*Task prompt*
Print the listing below again from the line that contains "10) sandal from (159, 126) to (324, 192)" onward, keeping every line exact and leaving out the lines before it.

[Start of Attachment]

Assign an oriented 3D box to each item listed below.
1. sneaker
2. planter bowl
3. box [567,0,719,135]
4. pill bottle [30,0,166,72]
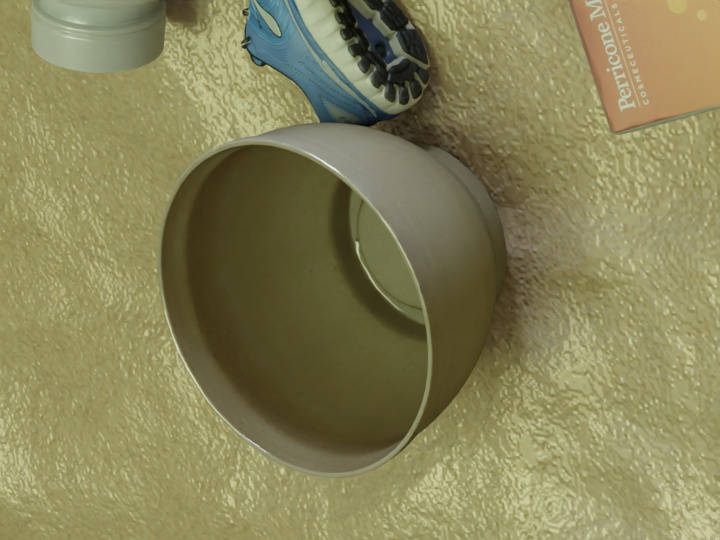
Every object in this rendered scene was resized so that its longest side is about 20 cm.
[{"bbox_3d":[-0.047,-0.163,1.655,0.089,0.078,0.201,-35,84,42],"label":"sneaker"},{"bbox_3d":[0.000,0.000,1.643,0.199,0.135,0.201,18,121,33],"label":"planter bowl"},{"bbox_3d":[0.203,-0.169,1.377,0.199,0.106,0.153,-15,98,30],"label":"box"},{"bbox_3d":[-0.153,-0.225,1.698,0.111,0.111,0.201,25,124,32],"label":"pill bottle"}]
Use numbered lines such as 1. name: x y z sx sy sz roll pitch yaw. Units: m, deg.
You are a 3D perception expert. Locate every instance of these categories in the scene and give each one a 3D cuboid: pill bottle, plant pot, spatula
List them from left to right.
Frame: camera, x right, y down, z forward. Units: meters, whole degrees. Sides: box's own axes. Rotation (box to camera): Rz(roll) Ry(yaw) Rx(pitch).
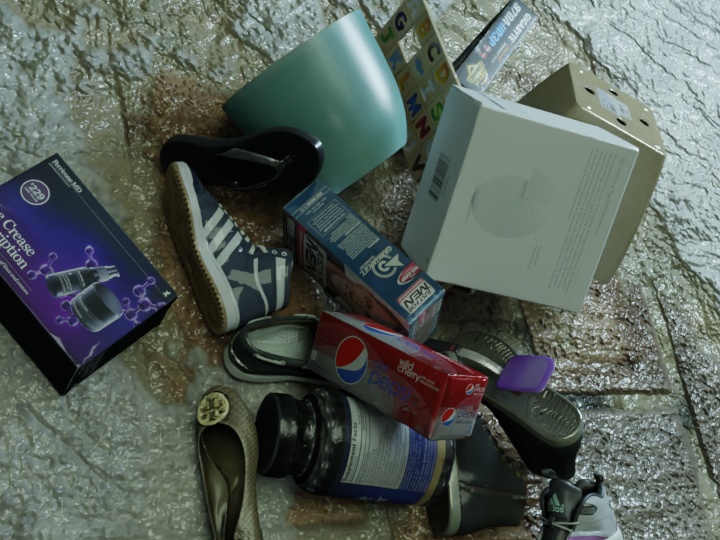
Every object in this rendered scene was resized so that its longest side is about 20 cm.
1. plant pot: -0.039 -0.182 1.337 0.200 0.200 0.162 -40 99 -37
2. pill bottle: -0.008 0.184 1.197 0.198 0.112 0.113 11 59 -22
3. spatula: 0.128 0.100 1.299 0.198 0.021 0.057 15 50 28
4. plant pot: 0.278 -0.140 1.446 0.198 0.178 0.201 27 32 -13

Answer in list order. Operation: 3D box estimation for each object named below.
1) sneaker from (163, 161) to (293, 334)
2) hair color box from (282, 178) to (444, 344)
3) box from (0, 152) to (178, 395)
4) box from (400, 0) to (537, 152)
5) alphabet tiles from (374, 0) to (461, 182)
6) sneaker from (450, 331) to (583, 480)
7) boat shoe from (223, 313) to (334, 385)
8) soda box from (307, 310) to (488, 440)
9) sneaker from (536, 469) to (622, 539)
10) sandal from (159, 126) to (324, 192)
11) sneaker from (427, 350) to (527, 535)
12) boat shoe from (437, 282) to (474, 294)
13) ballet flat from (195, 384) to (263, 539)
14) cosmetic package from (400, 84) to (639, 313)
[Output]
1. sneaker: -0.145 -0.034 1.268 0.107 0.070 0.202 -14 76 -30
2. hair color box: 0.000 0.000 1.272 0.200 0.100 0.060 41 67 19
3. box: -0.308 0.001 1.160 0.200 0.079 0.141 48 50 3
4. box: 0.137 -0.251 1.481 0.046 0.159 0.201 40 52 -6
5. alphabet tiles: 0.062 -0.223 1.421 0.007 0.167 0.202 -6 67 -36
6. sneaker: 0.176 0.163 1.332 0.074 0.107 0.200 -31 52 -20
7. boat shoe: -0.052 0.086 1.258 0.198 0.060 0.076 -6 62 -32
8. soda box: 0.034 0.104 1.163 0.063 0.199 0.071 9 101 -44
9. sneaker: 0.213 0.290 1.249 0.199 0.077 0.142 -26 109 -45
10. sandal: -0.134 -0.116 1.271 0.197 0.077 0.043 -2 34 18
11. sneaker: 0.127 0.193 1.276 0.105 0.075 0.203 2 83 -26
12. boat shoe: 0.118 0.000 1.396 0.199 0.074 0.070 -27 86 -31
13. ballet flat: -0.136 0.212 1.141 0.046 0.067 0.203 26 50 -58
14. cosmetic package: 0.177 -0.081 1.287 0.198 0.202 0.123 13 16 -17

[End of Attachment]

*Task output*
10) sandal from (159, 126) to (324, 192)
11) sneaker from (427, 350) to (527, 535)
12) boat shoe from (437, 282) to (474, 294)
13) ballet flat from (195, 384) to (263, 539)
14) cosmetic package from (400, 84) to (639, 313)
[Output]
1. sneaker: -0.145 -0.034 1.268 0.107 0.070 0.202 -14 76 -30
2. hair color box: 0.000 0.000 1.272 0.200 0.100 0.060 41 67 19
3. box: -0.308 0.001 1.160 0.200 0.079 0.141 48 50 3
4. box: 0.137 -0.251 1.481 0.046 0.159 0.201 40 52 -6
5. alphabet tiles: 0.062 -0.223 1.421 0.007 0.167 0.202 -6 67 -36
6. sneaker: 0.176 0.163 1.332 0.074 0.107 0.200 -31 52 -20
7. boat shoe: -0.052 0.086 1.258 0.198 0.060 0.076 -6 62 -32
8. soda box: 0.034 0.104 1.163 0.063 0.199 0.071 9 101 -44
9. sneaker: 0.213 0.290 1.249 0.199 0.077 0.142 -26 109 -45
10. sandal: -0.134 -0.116 1.271 0.197 0.077 0.043 -2 34 18
11. sneaker: 0.127 0.193 1.276 0.105 0.075 0.203 2 83 -26
12. boat shoe: 0.118 0.000 1.396 0.199 0.074 0.070 -27 86 -31
13. ballet flat: -0.136 0.212 1.141 0.046 0.067 0.203 26 50 -58
14. cosmetic package: 0.177 -0.081 1.287 0.198 0.202 0.123 13 16 -17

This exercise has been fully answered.